Dubois Recreation Co. v. Boyle

Decision Date25 January 1929
Docket Number170-1928
PartiesDuBois Recreation Company v. Boyle, Appellant
CourtPennsylvania Superior Court

Argued October 23, 1928

Appeal by defendant from judgment of C. P., Clearfield County-1926 No. 390, in the case of DuBois Recreation Company, now to the use of John C. Arnold and N. F. Womer v. Mary C. Boyle.

Trespass by a tenant to recover damages resulting from a landlord's failure to make repairs. Before Chase, P. J.

The facts are stated in the opinion of the Superior Court.

Verdict for plaintiff in the sum of $ 400 and judgment thereon. Defendant appealed.

Errors assigned, among others, were to the charge of the court refusal of points and refusal of defendant's motion for judgment non obstante veredicto.

Ross H Pentz, and with him W. C. Pentz and John J. Pentz, for appellant, cited: Moore v. Weber, 71 Pa. 429; Levine v. McClenathan, 246 Pa. 374; Redman v Weeter, 86 Pa.Super. 173; Pa. Co. for Insuring Lives v. Bodek, 77 Pa.Super. 473; Levin v. Philadelphia, 277 Pa. 560.

N. F. Womer, and with him John C. Arnold, for appellee.

Before Henderson, Trexler, Keller, Linn, Gawthrop and Cunningham, JJ.

OPINION

Keller, J.

In this case the learned court below submitted the disputed questions of fact to the jury, and instructed them as to the applicable law in accordance with the decision of this court in Minor v. Hogg, 67 Pa.Super. 419, 420. In this we find no error.

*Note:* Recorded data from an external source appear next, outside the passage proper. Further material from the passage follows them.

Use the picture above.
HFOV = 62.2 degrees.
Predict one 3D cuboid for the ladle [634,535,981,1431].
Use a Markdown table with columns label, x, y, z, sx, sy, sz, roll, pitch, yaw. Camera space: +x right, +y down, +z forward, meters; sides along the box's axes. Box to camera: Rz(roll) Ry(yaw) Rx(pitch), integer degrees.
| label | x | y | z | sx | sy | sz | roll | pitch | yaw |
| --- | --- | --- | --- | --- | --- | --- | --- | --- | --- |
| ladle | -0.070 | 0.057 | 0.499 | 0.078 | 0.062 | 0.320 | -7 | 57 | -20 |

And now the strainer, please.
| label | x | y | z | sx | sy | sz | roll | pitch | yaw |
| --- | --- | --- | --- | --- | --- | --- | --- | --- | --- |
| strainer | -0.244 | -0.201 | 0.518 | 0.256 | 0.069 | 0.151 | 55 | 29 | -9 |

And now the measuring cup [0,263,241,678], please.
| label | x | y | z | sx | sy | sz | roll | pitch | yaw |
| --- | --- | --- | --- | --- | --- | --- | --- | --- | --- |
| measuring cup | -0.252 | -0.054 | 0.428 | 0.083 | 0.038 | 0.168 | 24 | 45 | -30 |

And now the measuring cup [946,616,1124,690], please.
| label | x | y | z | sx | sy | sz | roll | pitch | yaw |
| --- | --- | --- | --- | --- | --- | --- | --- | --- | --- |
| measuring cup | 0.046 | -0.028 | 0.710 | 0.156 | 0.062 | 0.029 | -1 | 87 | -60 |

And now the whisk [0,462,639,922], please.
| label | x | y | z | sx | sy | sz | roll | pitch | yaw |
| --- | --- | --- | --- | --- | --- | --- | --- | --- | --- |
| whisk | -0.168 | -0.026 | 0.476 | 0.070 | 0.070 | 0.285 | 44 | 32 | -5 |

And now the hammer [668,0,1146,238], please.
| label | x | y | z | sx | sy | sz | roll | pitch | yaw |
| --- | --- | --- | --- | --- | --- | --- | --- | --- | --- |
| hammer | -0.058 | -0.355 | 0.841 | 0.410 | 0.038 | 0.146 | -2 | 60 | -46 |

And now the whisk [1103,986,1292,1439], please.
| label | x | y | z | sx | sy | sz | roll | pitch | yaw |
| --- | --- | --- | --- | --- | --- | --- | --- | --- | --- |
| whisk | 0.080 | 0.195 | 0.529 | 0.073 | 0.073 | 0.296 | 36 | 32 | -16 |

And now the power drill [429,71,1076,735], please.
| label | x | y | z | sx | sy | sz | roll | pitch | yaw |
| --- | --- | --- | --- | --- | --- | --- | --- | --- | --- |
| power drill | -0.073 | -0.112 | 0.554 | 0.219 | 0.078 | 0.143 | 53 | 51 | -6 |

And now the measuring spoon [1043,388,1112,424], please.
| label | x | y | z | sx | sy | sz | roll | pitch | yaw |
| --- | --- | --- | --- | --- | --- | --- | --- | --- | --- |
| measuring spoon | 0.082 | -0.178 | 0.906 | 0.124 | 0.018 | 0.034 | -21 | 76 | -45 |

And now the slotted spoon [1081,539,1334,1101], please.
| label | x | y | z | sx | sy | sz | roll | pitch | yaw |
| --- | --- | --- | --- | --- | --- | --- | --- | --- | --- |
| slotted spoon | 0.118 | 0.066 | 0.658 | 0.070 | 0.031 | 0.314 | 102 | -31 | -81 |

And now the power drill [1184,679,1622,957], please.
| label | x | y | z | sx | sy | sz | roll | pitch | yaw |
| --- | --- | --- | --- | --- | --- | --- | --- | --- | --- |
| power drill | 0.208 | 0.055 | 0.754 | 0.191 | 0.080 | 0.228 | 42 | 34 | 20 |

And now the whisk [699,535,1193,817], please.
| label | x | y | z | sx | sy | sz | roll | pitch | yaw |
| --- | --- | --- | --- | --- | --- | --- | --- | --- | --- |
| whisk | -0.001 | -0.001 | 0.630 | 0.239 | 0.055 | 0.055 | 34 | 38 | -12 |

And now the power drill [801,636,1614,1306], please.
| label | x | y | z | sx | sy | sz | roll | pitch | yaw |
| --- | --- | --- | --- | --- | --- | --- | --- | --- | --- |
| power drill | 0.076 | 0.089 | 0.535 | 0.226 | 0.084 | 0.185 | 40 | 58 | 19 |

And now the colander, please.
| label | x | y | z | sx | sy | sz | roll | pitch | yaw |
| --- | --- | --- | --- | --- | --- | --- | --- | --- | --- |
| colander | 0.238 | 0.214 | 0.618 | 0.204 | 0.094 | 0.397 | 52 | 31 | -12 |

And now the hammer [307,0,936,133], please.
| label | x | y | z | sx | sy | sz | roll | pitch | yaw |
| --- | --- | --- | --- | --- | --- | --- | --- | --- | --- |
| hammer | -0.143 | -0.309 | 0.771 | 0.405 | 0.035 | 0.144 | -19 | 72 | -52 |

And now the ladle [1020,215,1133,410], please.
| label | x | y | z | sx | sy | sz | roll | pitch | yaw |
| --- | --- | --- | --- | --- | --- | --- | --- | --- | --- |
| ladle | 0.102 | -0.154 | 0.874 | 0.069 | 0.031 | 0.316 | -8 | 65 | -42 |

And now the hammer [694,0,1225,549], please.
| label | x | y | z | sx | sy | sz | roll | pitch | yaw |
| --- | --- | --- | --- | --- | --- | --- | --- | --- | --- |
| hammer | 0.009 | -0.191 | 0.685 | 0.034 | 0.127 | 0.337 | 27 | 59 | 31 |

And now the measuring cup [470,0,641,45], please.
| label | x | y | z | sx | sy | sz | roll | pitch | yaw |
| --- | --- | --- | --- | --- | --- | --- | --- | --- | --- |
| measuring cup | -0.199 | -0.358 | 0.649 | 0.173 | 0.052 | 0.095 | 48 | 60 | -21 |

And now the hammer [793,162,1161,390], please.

The defendant's property was three stories high in front. The plaintiff leased only the first floor, as a bowling alley. At the rear the property was only one story high, so that this part of plaintiff's leasehold was next to the roof; but the defendant had constructed on the roof of this portion of the building a walk for use by the tenants of the second and third floors of the front portion of the building to secure supplies from the rear. The verdict of the jury is conclusive that the roof of the one-story part of defendant's building did not pass to plaintiff as part of the leased premises but remained under the dominion and control of the defendant. The clause in the lease, that " all inside changes and repairs are to be made by the lessees and at their own expense in the future," is consistent with this finding. The duty of keeping the roof of the entire premises in repair thus rested on the defendant; none of it appertained to the plaintiff in connection with its lease; and defendant recognized her duty in this respect by numerous promises to repair the roof, so as to...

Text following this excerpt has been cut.